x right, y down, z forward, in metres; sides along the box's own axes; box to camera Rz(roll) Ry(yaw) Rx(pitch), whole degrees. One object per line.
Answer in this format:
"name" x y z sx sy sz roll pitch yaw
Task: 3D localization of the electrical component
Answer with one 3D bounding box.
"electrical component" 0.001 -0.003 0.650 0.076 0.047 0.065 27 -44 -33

___

_Your assignment:_
All of the entries above should be written out verbatim.

_Solution to this exercise:_
x right, y down, z forward, in metres; sides along the box's own axes; box to camera Rz(roll) Ry(yaw) Rx(pitch), whole degrees. One object per line.
Answer in this format:
"name" x y z sx sy sz roll pitch yaw
Task: 3D localization of the electrical component
Answer with one 3D bounding box.
"electrical component" 0.001 -0.003 0.650 0.076 0.047 0.065 27 -44 -33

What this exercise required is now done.